TRY IT -
Tally the lines in the listing below that contain the string "Rhode", and state only the total.

----------------

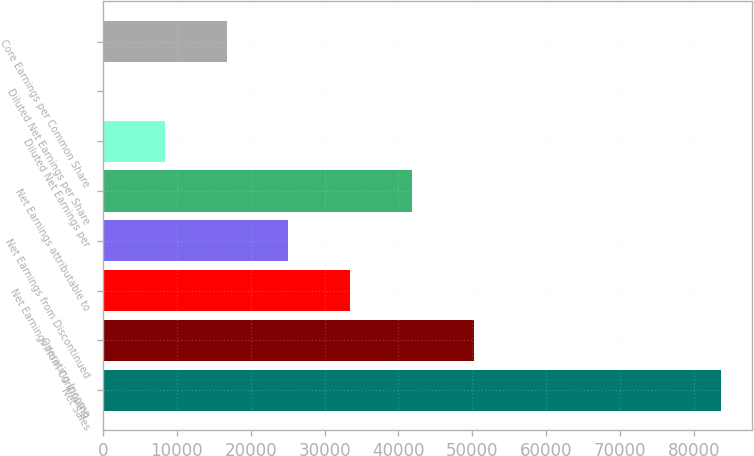<chart> <loc_0><loc_0><loc_500><loc_500><bar_chart><fcel>Net Sales<fcel>Operating Income<fcel>Net Earnings from Continuing<fcel>Net Earnings from Discontinued<fcel>Net Earnings attributable to<fcel>Diluted Net Earnings per<fcel>Diluted Net Earnings per Share<fcel>Core Earnings per Common Share<nl><fcel>83680<fcel>50209.3<fcel>33473.9<fcel>25106.2<fcel>41841.6<fcel>8370.81<fcel>3.12<fcel>16738.5<nl></chart> 
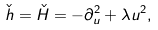<formula> <loc_0><loc_0><loc_500><loc_500>\check { h } = \check { H } = - \partial _ { u } ^ { 2 } + \lambda u ^ { 2 } ,</formula> 
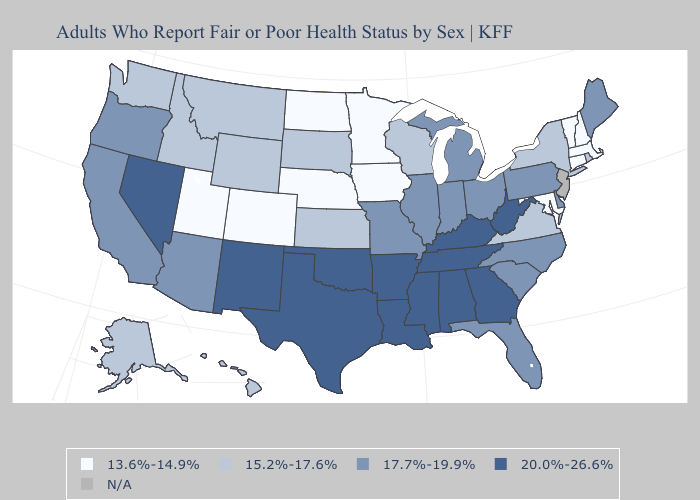Name the states that have a value in the range 15.2%-17.6%?
Be succinct. Alaska, Hawaii, Idaho, Kansas, Montana, New York, Rhode Island, South Dakota, Virginia, Washington, Wisconsin, Wyoming. What is the highest value in the South ?
Give a very brief answer. 20.0%-26.6%. What is the highest value in the West ?
Write a very short answer. 20.0%-26.6%. Among the states that border Florida , which have the highest value?
Write a very short answer. Alabama, Georgia. Among the states that border South Carolina , which have the highest value?
Answer briefly. Georgia. What is the value of Pennsylvania?
Answer briefly. 17.7%-19.9%. Which states have the lowest value in the South?
Quick response, please. Maryland. Among the states that border Rhode Island , which have the highest value?
Concise answer only. Connecticut, Massachusetts. Does Idaho have the highest value in the West?
Quick response, please. No. Name the states that have a value in the range N/A?
Keep it brief. New Jersey. Name the states that have a value in the range N/A?
Be succinct. New Jersey. Name the states that have a value in the range 17.7%-19.9%?
Short answer required. Arizona, California, Delaware, Florida, Illinois, Indiana, Maine, Michigan, Missouri, North Carolina, Ohio, Oregon, Pennsylvania, South Carolina. Name the states that have a value in the range N/A?
Be succinct. New Jersey. What is the highest value in states that border Florida?
Keep it brief. 20.0%-26.6%. 
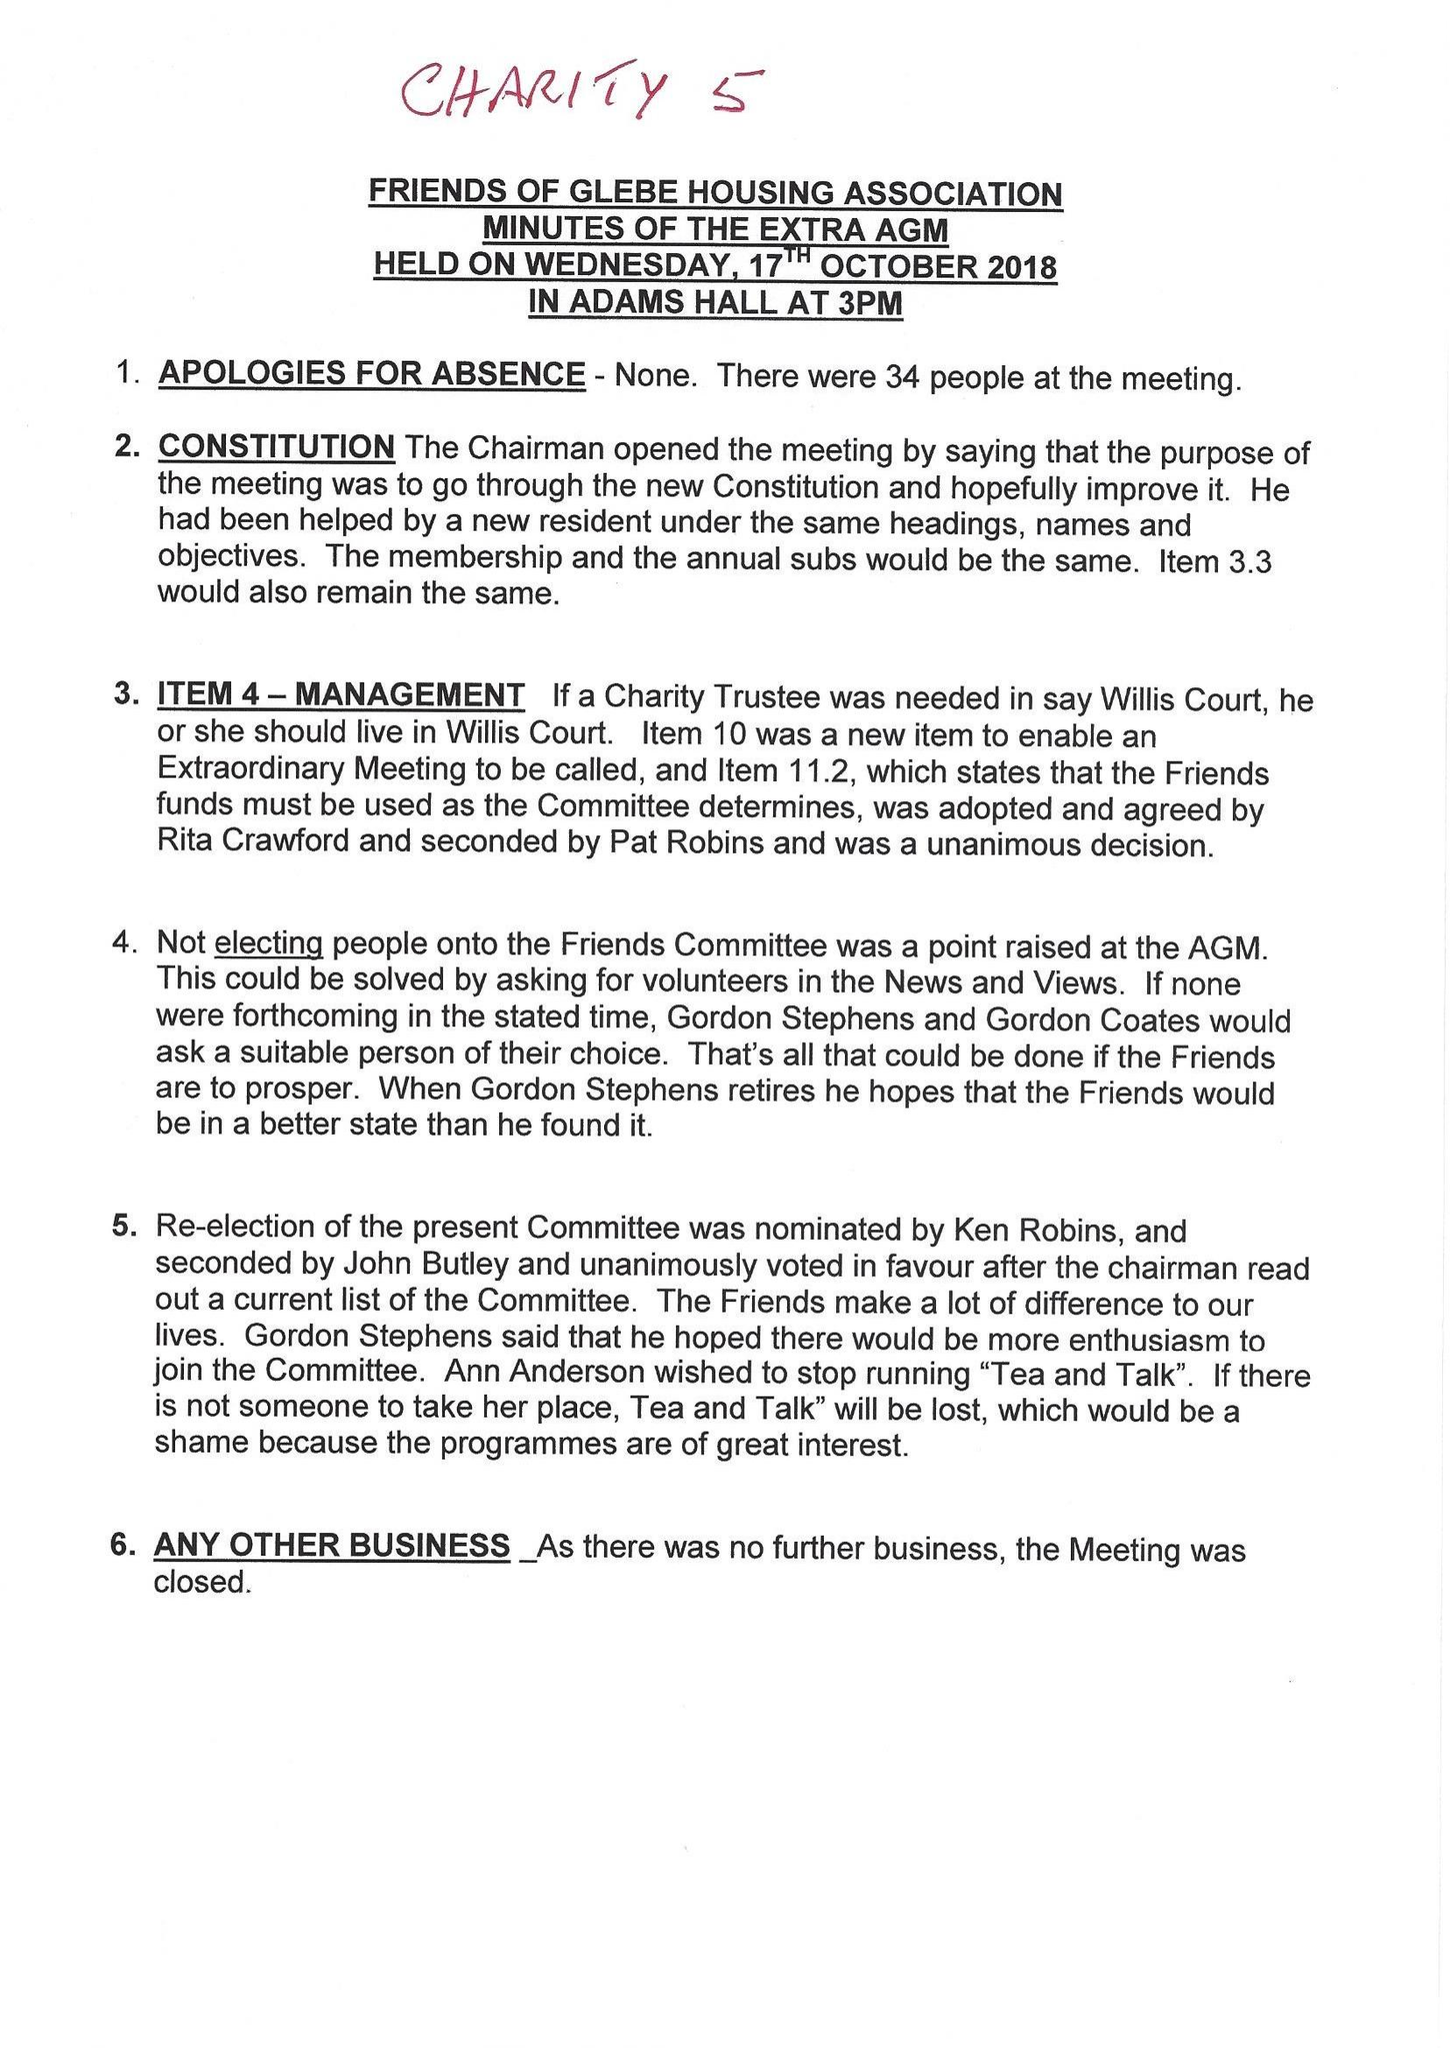What is the value for the address__street_line?
Answer the question using a single word or phrase. BENCURTIS PARK

----------------

SOLUTION TO THE PROBLEM -
2